# Exercise goal
For each record that follows, give it back exactly, with no pictures included.

************

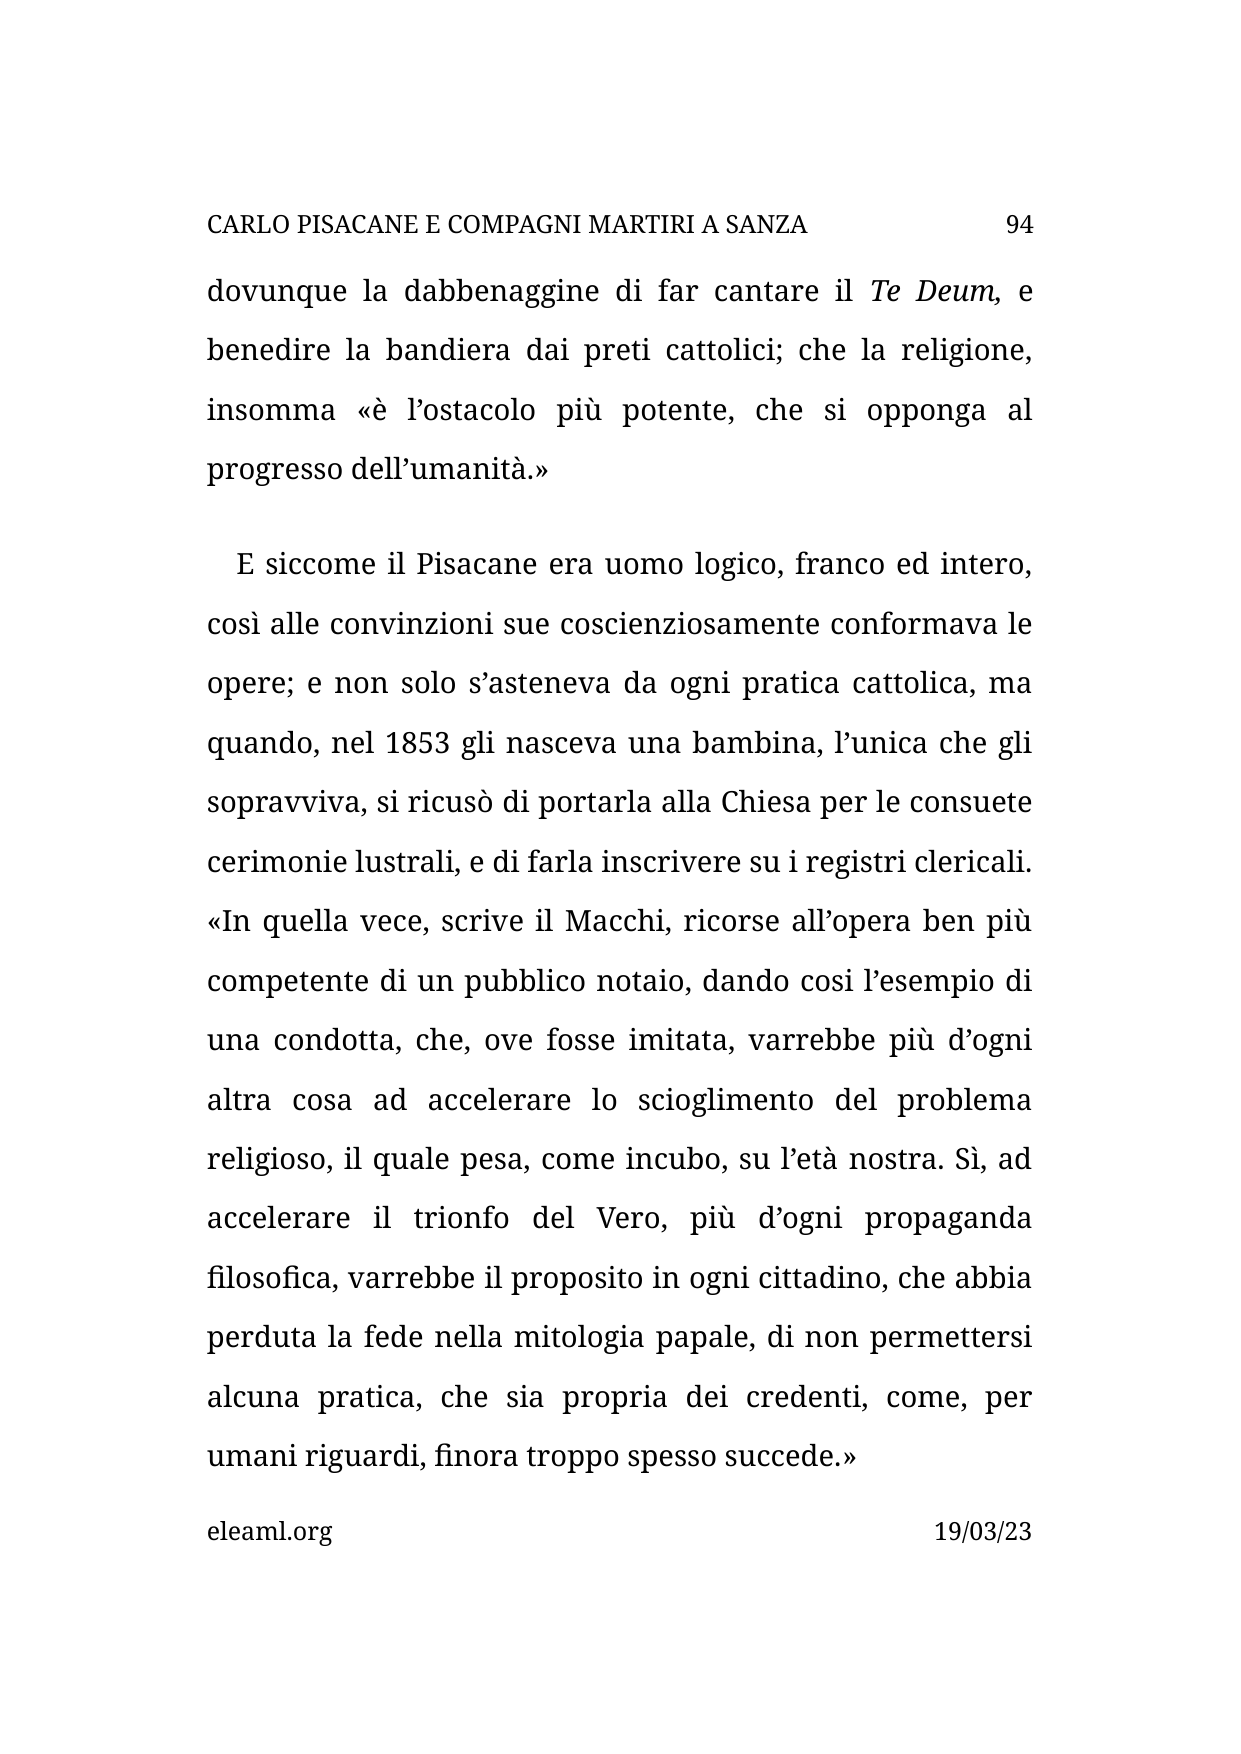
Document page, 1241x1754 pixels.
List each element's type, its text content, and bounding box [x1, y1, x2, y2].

text E siccome il Pisacane era uomo logico, franco ed intero, così alle convinzioni sue coscienziosamente conformava le opere; e non solo s’asteneva da ogni pratica cattolica, ma quando, nel 1853 gli nasceva una bambina, l’unica che gli sopravviva, si ricusò di portarla alla Chiesa per le consuete cerimonie lustrali, e di farla inscrivere su i registri clericali. «In quella vece, scrive il Macchi, ricorse all’opera ben più competente di un pubblico notaio, dando cosi l’esempio di una condotta, che, ove fosse imitata, varrebbe più d’ogni altra cosa ad accelerare lo scioglimento del problema religioso, il quale pesa, come incubo, su l’età nostra. Sì, ad accelerare il trionfo del Vero, più d’ogni propaganda filosofica, varrebbe il proposito in ogni cittadino, che abbia perduta la fede nella mitologia papale, di non permettersi alcuna pratica, che sia propria dei credenti, come, per umani riguardi, finora troppo spesso succede.» [207, 543, 1033, 1475]
text dovunque la dabbenaggine di far cantare il Te Deum, e benedire la bandiera dai preti cattolici; che la religione, insomma «è l’ostacolo più potente, che si opponga al progresso dell’umanità.» [207, 270, 1033, 488]
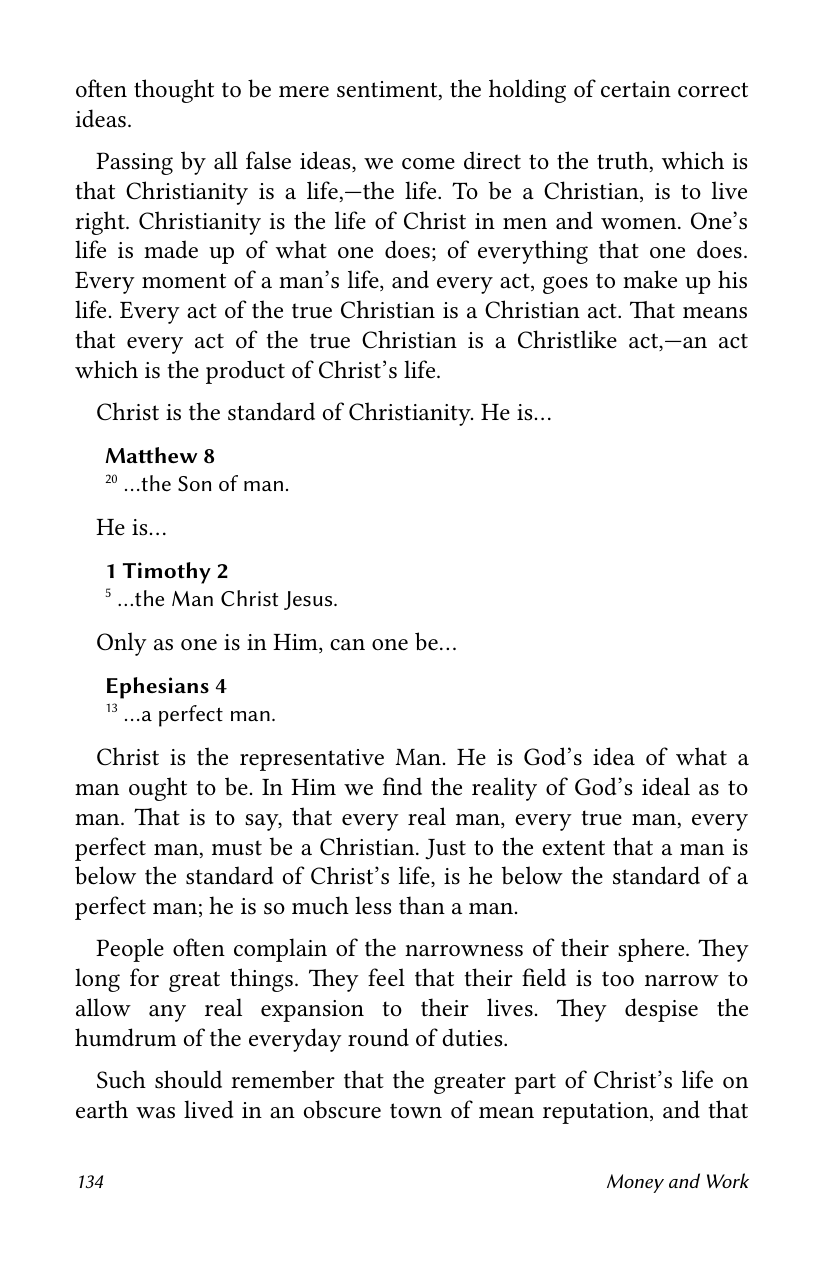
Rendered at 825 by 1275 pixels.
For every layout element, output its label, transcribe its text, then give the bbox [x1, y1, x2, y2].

text Christ is the standard of Christianity. He is… [75, 398, 750, 427]
text Ephesians 4 [105, 673, 750, 699]
text Christ is the representative Man. He is God’s idea of what a man ought to be. In Him we find the reality of God’s ideal as to man. That is to say, that every real man, every true man, every perfect man, must be a Christian. Just to the extent that a man is below the standard of Christ’s life, is he below the standard of a perfect man; he is so much less than a man. [75, 743, 750, 921]
text People often complain of the narrowness of their sphere. They long for great things. They feel that their field is too narrow to allow any real expansion to their lives. They despise the humdrum of the everyday round of duties. [75, 934, 750, 1052]
text Such should remember that the greater part of Christ’s life on earth was lived in an obscure town of mean reputation, and that [75, 1066, 750, 1124]
text He is… [75, 513, 750, 542]
text 13 ...a perfect man. [105, 700, 720, 727]
text Matthew 8 [105, 443, 750, 469]
text Only as one is in Him, can one be… [75, 628, 750, 656]
text Passing by all false ideas, we come direct to the truth, which is that Christianity is a life,—the life. To be a Christian, is to live right. Christianity is the life of Christ in men and women. One’s life is made up of what one does; of everything that one does. Every moment of a man’s life, and every act, goes to make up his life. Every act of the true Christian is a Christian act. That means that every act of the true Christian is a Christlike act,—an act which is the product of Christ’s life. [75, 147, 750, 385]
text 5 ...the Man Christ Jesus. [105, 586, 720, 612]
text 20 ...the Son of man. [105, 471, 720, 497]
text often thought to be mere sentiment, the holding of certain correct ideas. [75, 75, 750, 133]
text 1 Timothy 2 [105, 558, 750, 584]
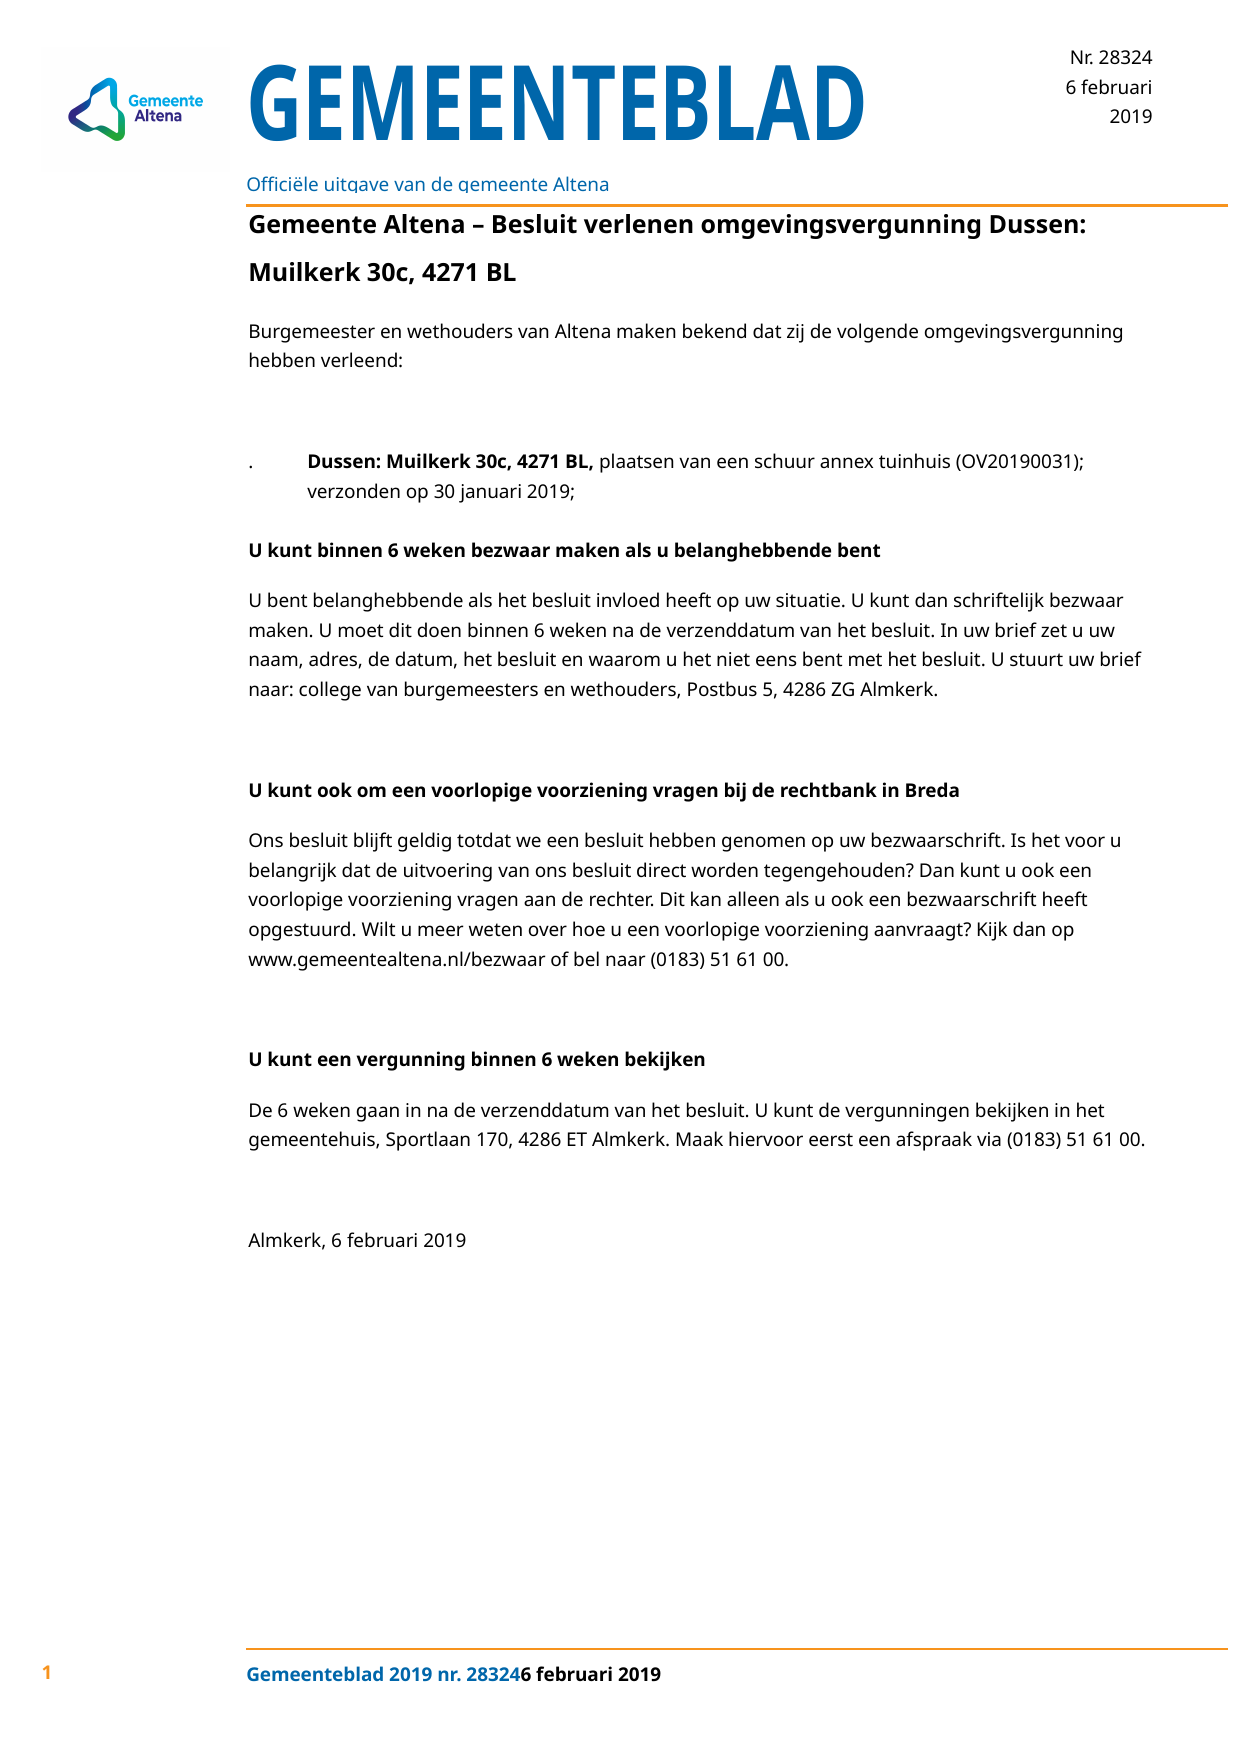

************

# Response
Document page, 1241x1754 pixels.
List each element's type, its text content, and bounding box [x1, y1, x2, y2].

text E siccome il Pisacane era uomo logico, franco ed intero, così alle convinzioni sue coscienziosamente conformava le opere; e non solo s’asteneva da ogni pratica cattolica, ma quando, nel 1853 gli nasceva una bambina, l’unica che gli sopravviva, si ricusò di portarla alla Chiesa per le consuete cerimonie lustrali, e di farla inscrivere su i registri clericali. «In quella vece, scrive il Macchi, ricorse all’opera ben più competente di un pubblico notaio, dando cosi l’esempio di una condotta, che, ove fosse imitata, varrebbe più d’ogni altra cosa ad accelerare lo scioglimento del problema religioso, il quale pesa, come incubo, su l’età nostra. Sì, ad accelerare il trionfo del Vero, più d’ogni propaganda filosofica, varrebbe il proposito in ogni cittadino, che abbia perduta la fede nella mitologia papale, di non permettersi alcuna pratica, che sia propria dei credenti, come, per umani riguardi, finora troppo spesso succede.» [207, 543, 1033, 1475]
text dovunque la dabbenaggine di far cantare il Te Deum, e benedire la bandiera dai preti cattolici; che la religione, insomma «è l’ostacolo più potente, che si opponga al progresso dell’umanità.» [207, 270, 1033, 488]
Rendered at 825 by 1275 pixels.
For every layout element, output its label, transcribe its text, then give the bbox [x1, y1, x2, y2].

text Christ is the standard of Christianity. He is… [75, 398, 750, 427]
text Ephesians 4 [105, 673, 750, 699]
text Christ is the representative Man. He is God’s idea of what a man ought to be. In Him we find the reality of God’s ideal as to man. That is to say, that every real man, every true man, every perfect man, must be a Christian. Just to the extent that a man is below the standard of Christ’s life, is he below the standard of a perfect man; he is so much less than a man. [75, 743, 750, 921]
text People often complain of the narrowness of their sphere. They long for great things. They feel that their field is too narrow to allow any real expansion to their lives. They despise the humdrum of the everyday round of duties. [75, 934, 750, 1052]
text Such should remember that the greater part of Christ’s life on earth was lived in an obscure town of mean reputation, and that [75, 1066, 750, 1124]
text He is… [75, 513, 750, 542]
text 13 ...a perfect man. [105, 700, 720, 727]
text Matthew 8 [105, 443, 750, 469]
text Only as one is in Him, can one be… [75, 628, 750, 656]
text Passing by all false ideas, we come direct to the truth, which is that Christianity is a life,—the life. To be a Christian, is to live right. Christianity is the life of Christ in men and women. One’s life is made up of what one does; of everything that one does. Every moment of a man’s life, and every act, goes to make up his life. Every act of the true Christian is a Christian act. That means that every act of the true Christian is a Christlike act,—an act which is the product of Christ’s life. [75, 147, 750, 385]
text 5 ...the Man Christ Jesus. [105, 586, 720, 612]
text 20 ...the Son of man. [105, 471, 720, 497]
text often thought to be mere sentiment, the holding of certain correct ideas. [75, 75, 750, 133]
text 1 Timothy 2 [105, 558, 750, 584]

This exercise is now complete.